Fostering and maintaining healthy social relationships can reduce loneliness and anger, help you feel more connected to others and even improve your physical wellbeing.
What is social wellbeing?
Social wellbeing is the ability to communicate with others and build meaningful relationships where you can freely be yourself.
Social connections with others can include family, friends, coworkers, and members of your community that you trust. Your network of relationships may be big or small and look different depending on things like your culture or where you live. Either way, having close family members or friends can help you feel supported, valued and create a sense of belonging.
The health benefits of social connection
Healthy social wellbeing can directly impact things like your stress hormones, blood pressure, and heart rate. It can also provide benefits years down the road, reducing the risk of health conditions like dementia.
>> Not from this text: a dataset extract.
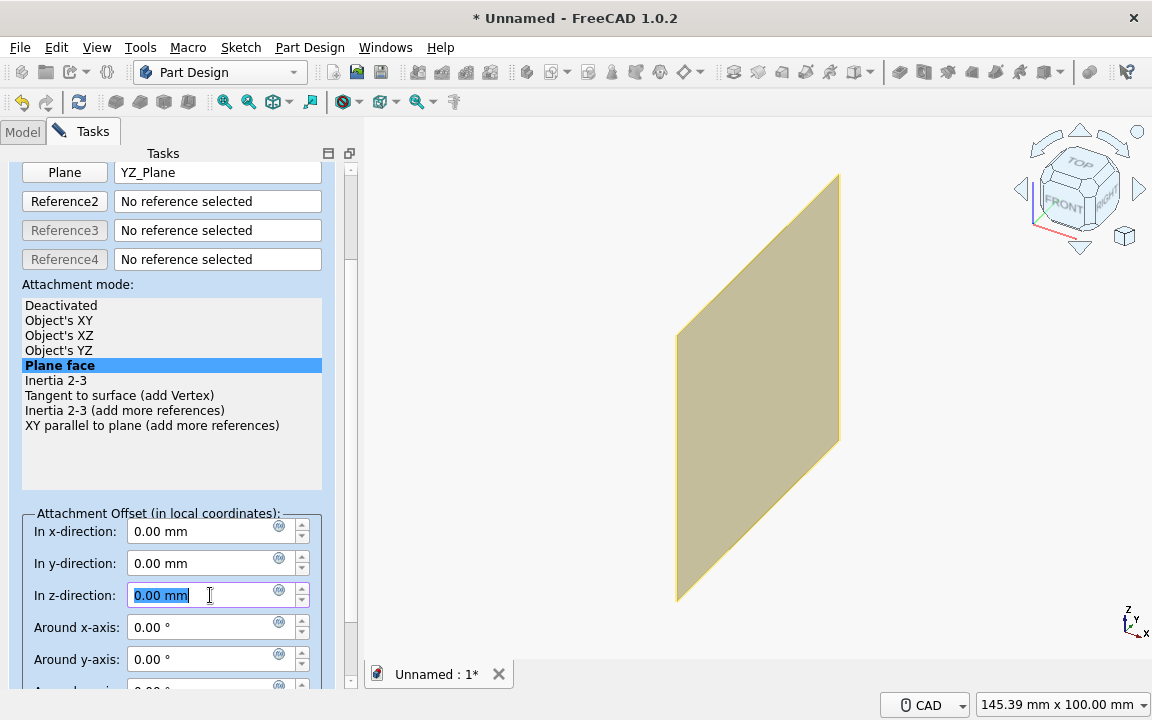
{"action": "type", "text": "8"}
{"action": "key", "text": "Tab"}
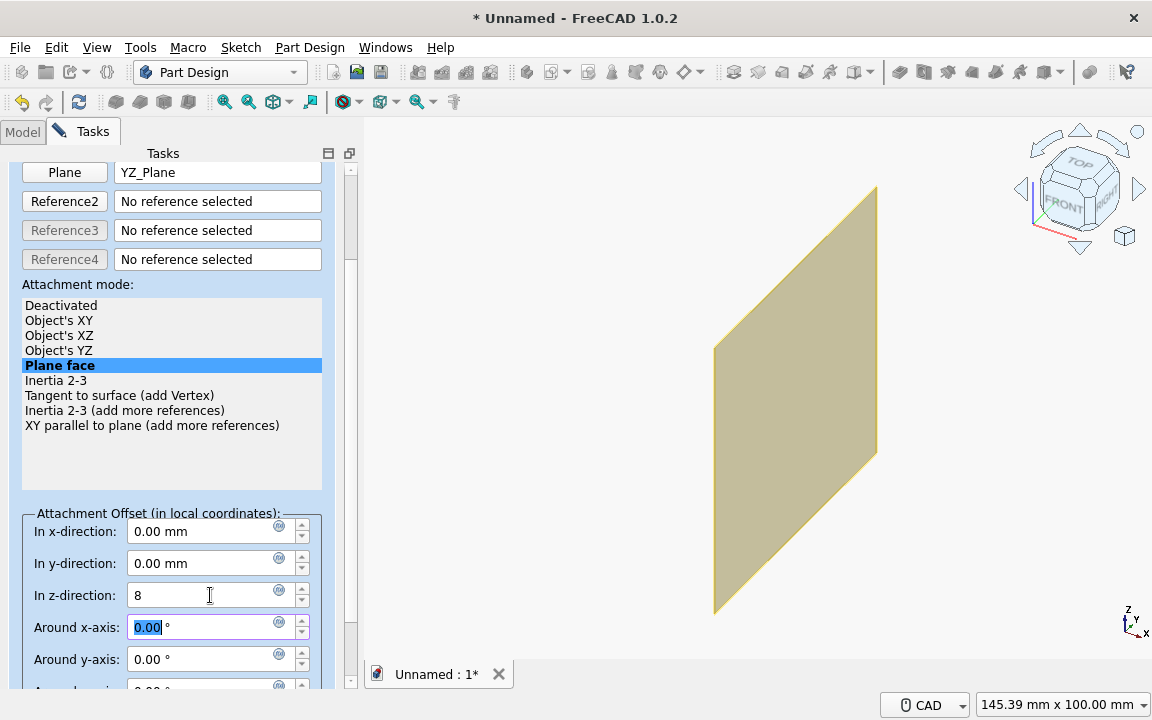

Building social wellbeing is an important way to strengthen your emotional wellbeing. It can increase happiness and give you a sense of purpose and belonging. This can add to your resilience.
Building social skills
Everyone has a story. And this can affect how people connect with others. If you’ve had challenging or traumatic experiences in your past, connection may feel difficult sometimes, but that’s okay. Forms of connection are always changing, and there’s support available that can help you feel trusting and safe when connecting with others.
Building communication skills, active listening, empathy, and kindness can contribute to positive relationships. These are all social skills that anyone can learn and work on in any time of your life.
Sometimes, it may feel hard to maintain social connections, or work on your social skills. This can be especially true if you already feel stress in your life. There is no one-size-fits-all solution to developing social wellbeing. It’s important that you take steps that make sense for you.
You might consider connecting with people in safe ways that work for you; messaging or calling a friend; taking part in an outdoor activity with others; or joining a virtual community or group online.
If you want support or have questions on how to connect with others, you may want to speak to a mental health professional to develop next steps that are right for you.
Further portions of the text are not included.